The experience of eating set dosais or thick uthappams in tiffin centres around Tamil Nadu is one to behold. Quick service, fresh meals served on banana leaves cut into the size of large tiles; steaming soft idlis, crispy golden medu vadais, and chutneys in every colour imaginable dot your disposable plates as serves whiz past like bolts of lightning. Cut to the evening when dosais and vadais are replaced with robust biryani and raita whose fragrance crosses over across streets where the shop is located. What’s common between both these meals is an underrated side dish that has a gravy-like consistency, called salna.
Also Read:
Typically a salna is a meat or vegetable curry with lots of spices that is eaten as an accompaniment to many South Indian delicacies. However, what’s most interesting about this specific kind is that the gravy is in essence, ‘empty’; which means that it contains no meat or vegetables but packs a punch of flavour nevertheless. Made with a tomato-base and whole roasted and ground spices, the gravy has a spicy-tangy flavour, that pairs well with almost anything it is poured over. Unlike a kurma which would have meat or a medley of vegetables cooked in a similar gravy, this empty salna tastes best with parotta or idlis – basically, anything that has the capacity to mop it up. In most cases, an empty salna is vegetarian but in the rarity that it isn’t, the likelihood of fish or bone broth would be used to fortify the gravy and have a pronounced taste.
Recipe:
Ingredients
- 2 onions, sliced
- 3 large tomatoes, chopped
- 1.5 tablespoons ginger-garlic paste
- 1 bay leaf
- ¼ cup fresh coriander, chopped
- 5-6 sprigs mint leaves
- 1 stick cinnamon
- 2 cloves
- 1 star anise
- 1 mace flower
- 8-10 curry leaves
- 2 tablespoons sambar powder
- 1 tablespoon gram flour
- 1 teaspoon turmeric powder
- 1 teaspoon red chilli powder
- ½ teaspoon garam masala
- ½ cup grated coconut
- 6-8 cashews, soaked in warm water
- 2-3 tablespoons vegetable oil
- Salt, to taste
Method
- Grind the cashews and coconut into a fine paste with some warm water and set aside. Heat the oil in a large sauce pan and temper the mustard seeds and curry leaves. Once they start to splutter, add the whole spices and allow them to bloom for a minute or two.
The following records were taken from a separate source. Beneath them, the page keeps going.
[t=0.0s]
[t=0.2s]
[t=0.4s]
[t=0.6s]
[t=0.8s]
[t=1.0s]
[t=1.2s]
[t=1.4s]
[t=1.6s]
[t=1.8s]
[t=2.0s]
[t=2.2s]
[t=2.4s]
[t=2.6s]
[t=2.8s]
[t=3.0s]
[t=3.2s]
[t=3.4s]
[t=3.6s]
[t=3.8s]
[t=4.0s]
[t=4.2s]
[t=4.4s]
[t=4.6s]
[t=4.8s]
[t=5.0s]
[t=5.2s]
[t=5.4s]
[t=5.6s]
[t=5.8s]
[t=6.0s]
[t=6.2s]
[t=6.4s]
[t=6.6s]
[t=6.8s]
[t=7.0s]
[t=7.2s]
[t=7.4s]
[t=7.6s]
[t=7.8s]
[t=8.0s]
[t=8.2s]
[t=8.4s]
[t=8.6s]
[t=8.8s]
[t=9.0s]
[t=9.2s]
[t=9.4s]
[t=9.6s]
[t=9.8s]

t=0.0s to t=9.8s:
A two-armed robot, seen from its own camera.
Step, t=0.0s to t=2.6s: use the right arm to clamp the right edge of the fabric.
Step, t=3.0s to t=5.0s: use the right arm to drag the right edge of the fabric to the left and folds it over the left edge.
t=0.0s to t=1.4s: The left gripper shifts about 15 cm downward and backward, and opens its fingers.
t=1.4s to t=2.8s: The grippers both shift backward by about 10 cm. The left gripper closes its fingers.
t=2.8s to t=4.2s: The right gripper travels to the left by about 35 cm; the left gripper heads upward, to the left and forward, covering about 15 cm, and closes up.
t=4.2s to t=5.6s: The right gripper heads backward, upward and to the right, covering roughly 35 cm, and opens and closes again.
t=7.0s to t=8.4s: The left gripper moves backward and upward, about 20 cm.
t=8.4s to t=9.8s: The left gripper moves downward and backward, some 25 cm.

- Add the sliced onions and ginger-garlic paste and cook until the onions have softened considerably. Following this, add in all the spice powders, except the garam masala and combine everything thoroughly.
- Add the chopped tomatoes and season with a generous pinch of salt. Turn down the heat to a medium low and cook the tomatoes until they turn mushy and release their juices.
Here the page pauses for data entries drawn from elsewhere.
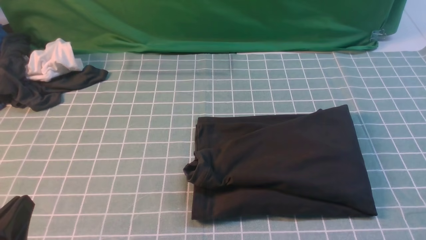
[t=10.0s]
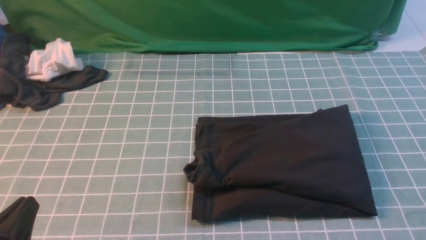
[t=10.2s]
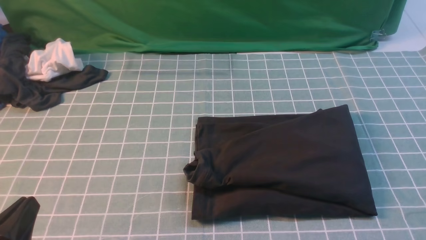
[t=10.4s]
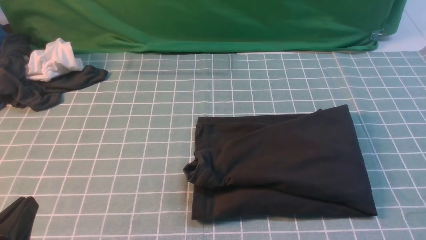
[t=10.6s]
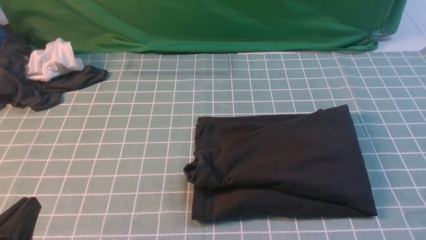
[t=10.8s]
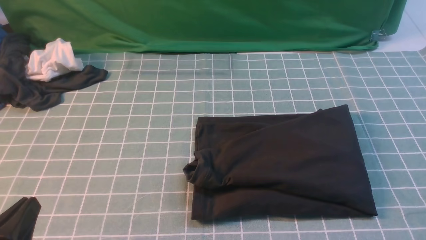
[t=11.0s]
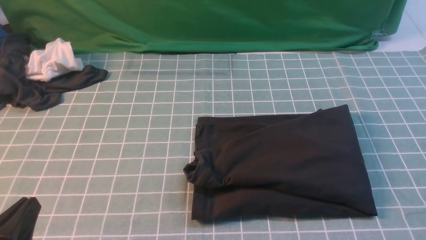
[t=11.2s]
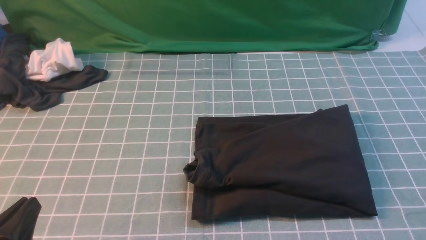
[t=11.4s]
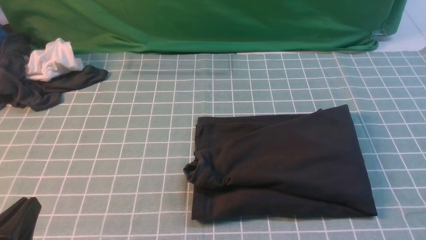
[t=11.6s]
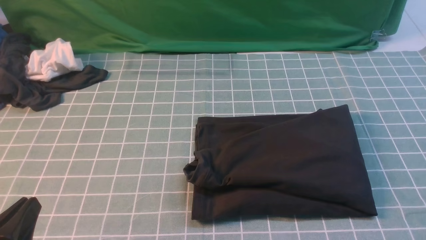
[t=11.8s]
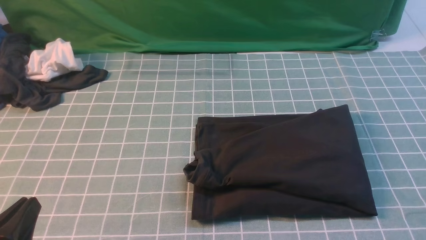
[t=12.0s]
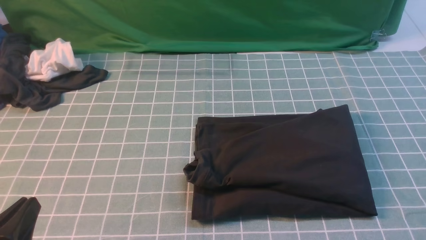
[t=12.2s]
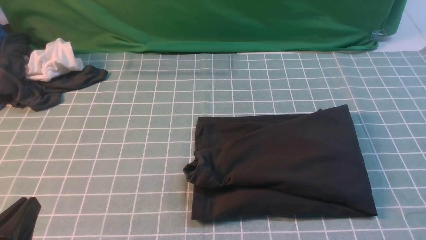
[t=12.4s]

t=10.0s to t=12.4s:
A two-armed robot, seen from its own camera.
t=10.0s to t=12.4s: The two grippers keep their place.

- Cover the pan with a lid and cook until the fat begins to separate and the mixture in the pan turns into a homogenous mush. Add the coriander and mint leaves and mix well.
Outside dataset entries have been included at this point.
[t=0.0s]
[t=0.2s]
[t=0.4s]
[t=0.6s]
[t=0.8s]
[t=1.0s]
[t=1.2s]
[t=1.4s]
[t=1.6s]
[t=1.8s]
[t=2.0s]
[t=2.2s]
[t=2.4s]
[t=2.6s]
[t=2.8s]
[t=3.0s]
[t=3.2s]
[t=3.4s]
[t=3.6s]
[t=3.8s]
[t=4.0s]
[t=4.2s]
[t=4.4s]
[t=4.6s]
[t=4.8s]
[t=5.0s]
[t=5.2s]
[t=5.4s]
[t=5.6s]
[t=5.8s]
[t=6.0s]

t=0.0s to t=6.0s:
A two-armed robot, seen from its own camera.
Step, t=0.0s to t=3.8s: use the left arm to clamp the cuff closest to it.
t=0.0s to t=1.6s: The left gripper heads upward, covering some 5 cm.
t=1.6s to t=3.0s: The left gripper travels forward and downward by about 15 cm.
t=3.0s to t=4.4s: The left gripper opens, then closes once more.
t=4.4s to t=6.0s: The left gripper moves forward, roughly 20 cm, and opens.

- To this mixture, add 4-5 cups of water, along with the coconut paste and simmer for about 15-20 minutes on a low flame to let the spices lose their raw flavour and blend well.
- Meanwhile, mix the gram flour with a tablespoon of water and mix into the gravy once almost cooked through, to thicken it slightly. Check for seasoning and adjust, if needed. Serve hot with pulao, parotta, idli, dosai, etc.